Часть 7. Жизнь, которую ты заслужил
3 февраля 2019 г. в 17:26
Когда изо дня в день ничего не меняется, время перестает иметь всякое значение.
Обходы, обследования, операции — все это давно стало привычным делом для Морти, и он сам был просто винтиком или, может быть, шестеренкой, вертящейся в этом хитром, отлаженном до мелочей устройстве больницы…
В этой идеально отрегулированной мясорубке.

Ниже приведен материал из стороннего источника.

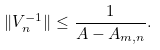Convert formula to latex. <formula><loc_0><loc_0><loc_500><loc_500>\| V _ { n } ^ { - 1 } \| \leq \frac { 1 } { A - A _ { m , n } } .</formula> 
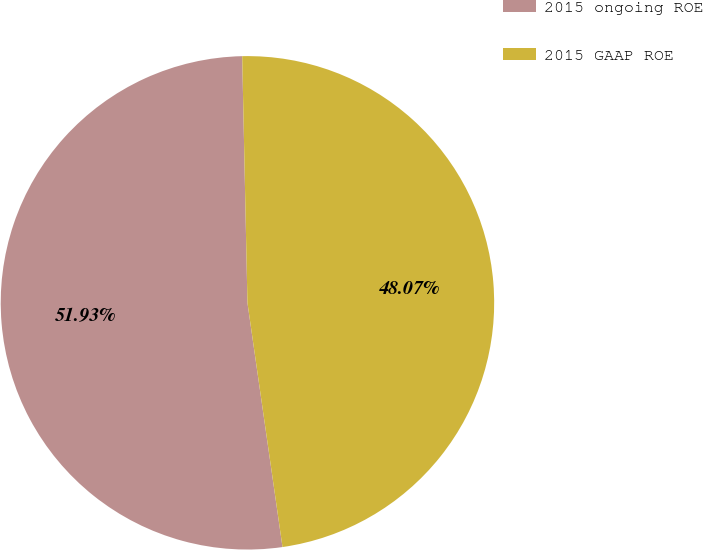<chart> <loc_0><loc_0><loc_500><loc_500><pie_chart><fcel>2015 ongoing ROE<fcel>2015 GAAP ROE<nl><fcel>51.93%<fcel>48.07%<nl></chart> 
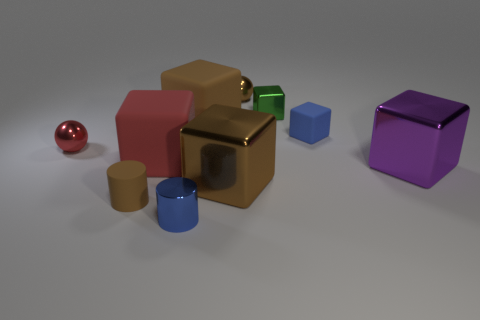Can you tell me which objects in the image are spheres? Certainly, based on the image, there is one object that is a sphere, which is red in color. 
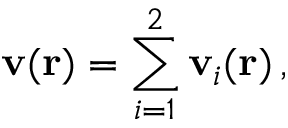<formula> <loc_0><loc_0><loc_500><loc_500>v ( r ) = \sum _ { i = 1 } ^ { 2 } v _ { i } ( r ) \, ,</formula> 
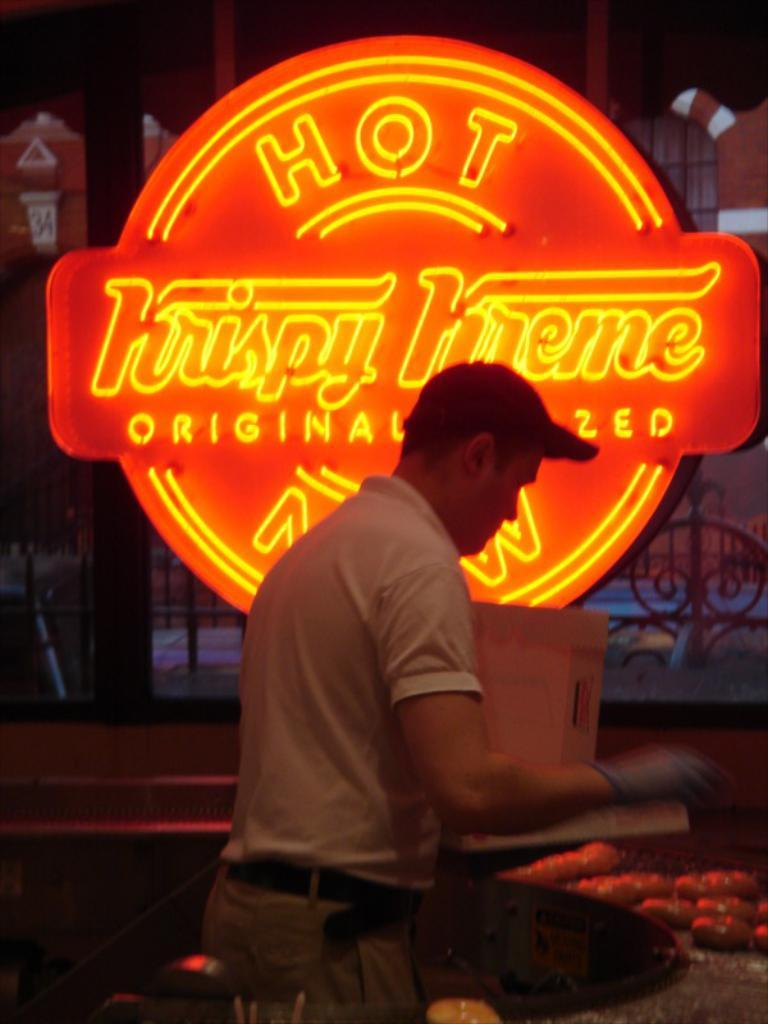What is the main subject of the image? The main subject of the image is a person standing in the middle of the image. What is located behind the person in the image? There is a banner behind the person. What is the purpose of the crib in the image? There is no crib present in the image. What type of tree is visible in the background of the image? There is no tree visible in the image; it only features a person standing in the middle and a banner behind them. 
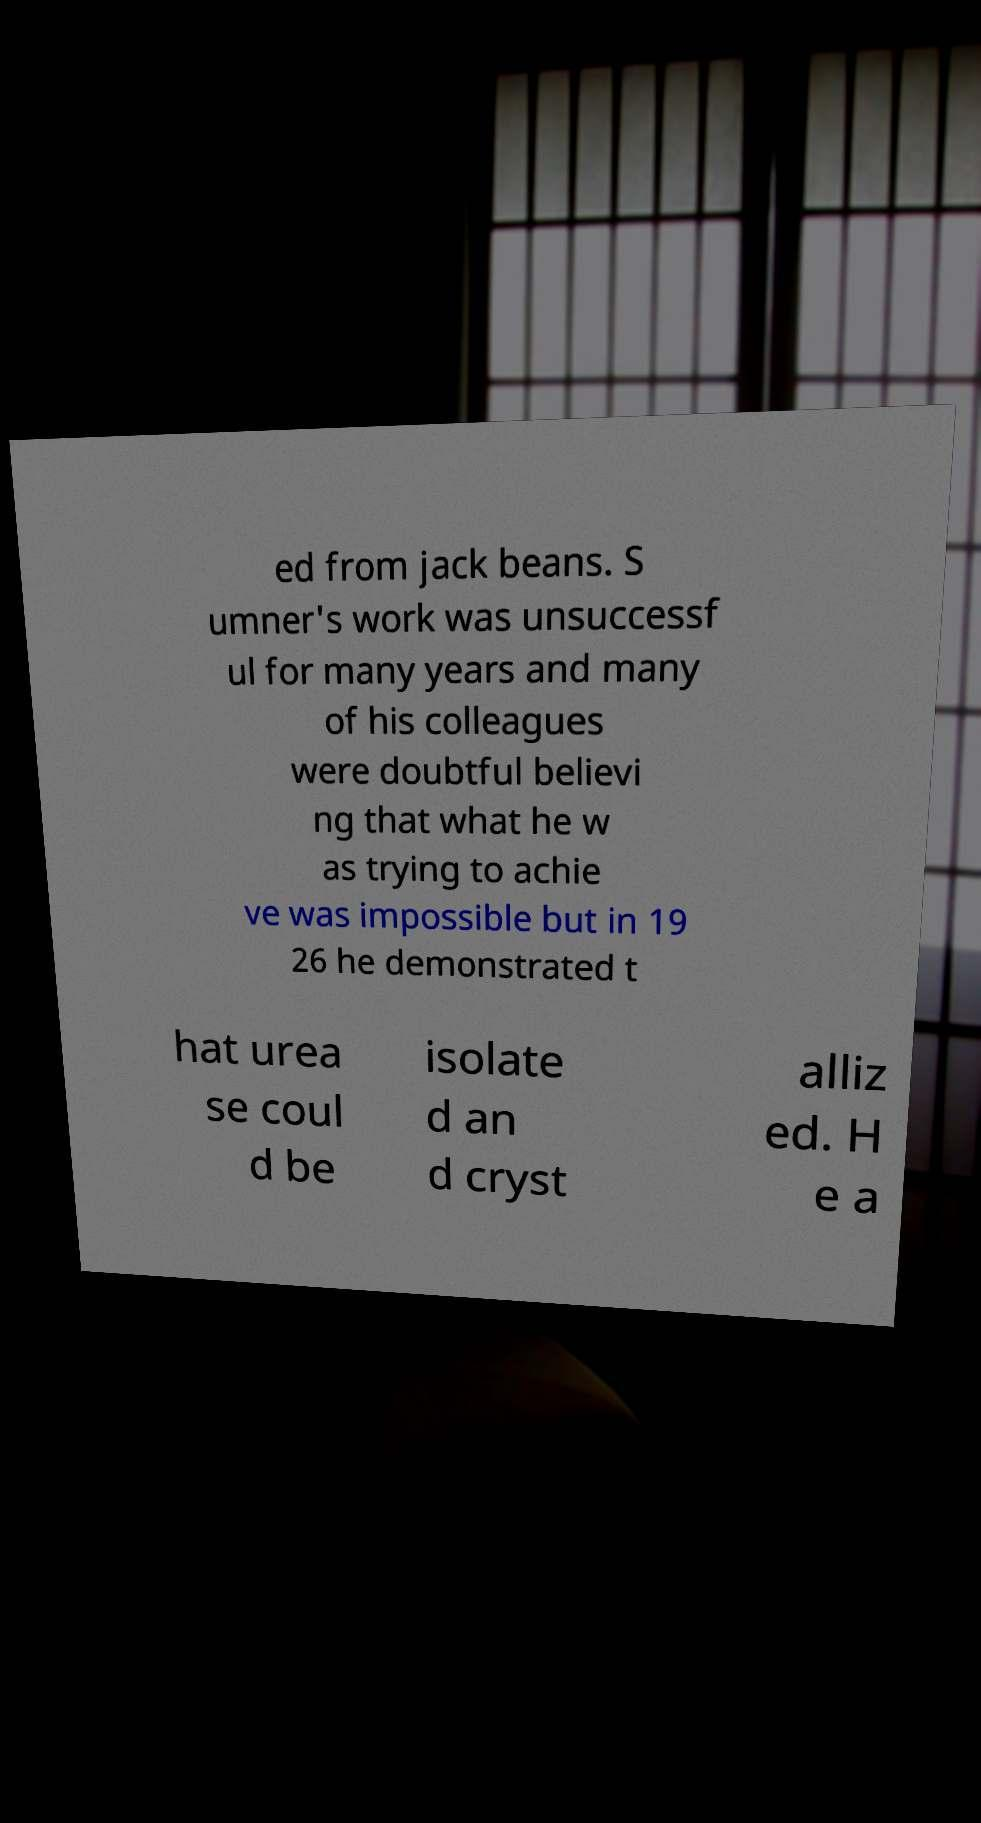Can you read and provide the text displayed in the image?This photo seems to have some interesting text. Can you extract and type it out for me? ed from jack beans. S umner's work was unsuccessf ul for many years and many of his colleagues were doubtful believi ng that what he w as trying to achie ve was impossible but in 19 26 he demonstrated t hat urea se coul d be isolate d an d cryst alliz ed. H e a 
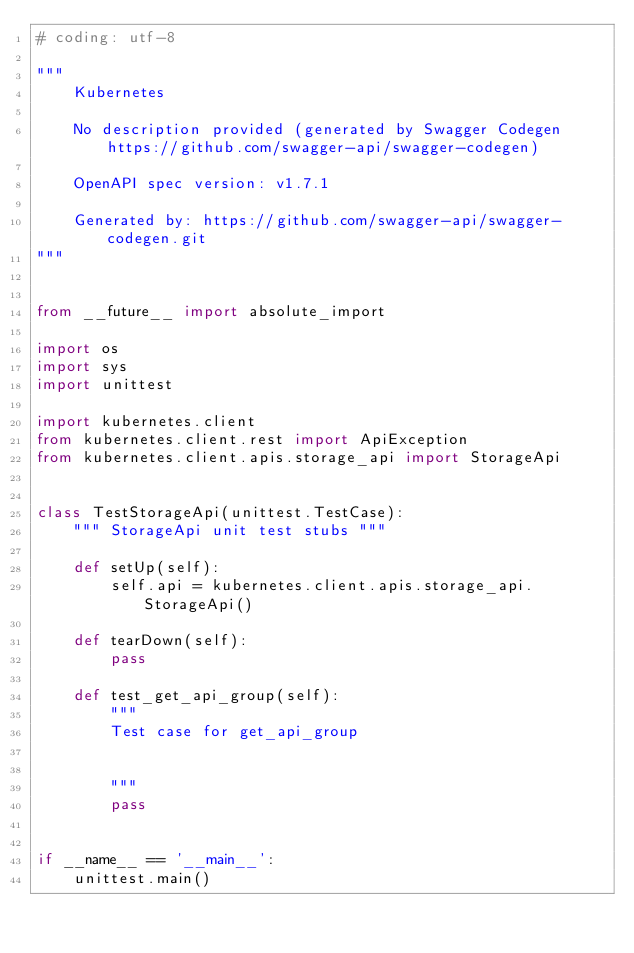Convert code to text. <code><loc_0><loc_0><loc_500><loc_500><_Python_># coding: utf-8

"""
    Kubernetes

    No description provided (generated by Swagger Codegen https://github.com/swagger-api/swagger-codegen)

    OpenAPI spec version: v1.7.1
    
    Generated by: https://github.com/swagger-api/swagger-codegen.git
"""


from __future__ import absolute_import

import os
import sys
import unittest

import kubernetes.client
from kubernetes.client.rest import ApiException
from kubernetes.client.apis.storage_api import StorageApi


class TestStorageApi(unittest.TestCase):
    """ StorageApi unit test stubs """

    def setUp(self):
        self.api = kubernetes.client.apis.storage_api.StorageApi()

    def tearDown(self):
        pass

    def test_get_api_group(self):
        """
        Test case for get_api_group

        
        """
        pass


if __name__ == '__main__':
    unittest.main()
</code>

После того, как проект "Жабр" начал подходить к своему логическому завершению, энтузиазм исследователя, горящий в главвраче, снизился соответствующе.
Он уже сделал все, что хотел, и теперь собирался оставить этот эксперимент просто в качестве памяти о собственном мастерстве.
Впрочем, Морти и без того проводил с подопытным куда больше времени — даже несмотря на то, что вспышек агрессии больше не было, вряд ли Жабр позволил бы главврачу чесать себя за ухом и стал бы брать из его рук рыбу…
Отвратительно.
Каждый такой момент был, как ножом по сердцу.
Почему? За что этот преданный взгляд, это довольное урчание, этот язык, случайно касающийся ладони, и главное…
"Это он так тебя?"
Как это существо может, как оно смеет сочувствовать своему мучителю?!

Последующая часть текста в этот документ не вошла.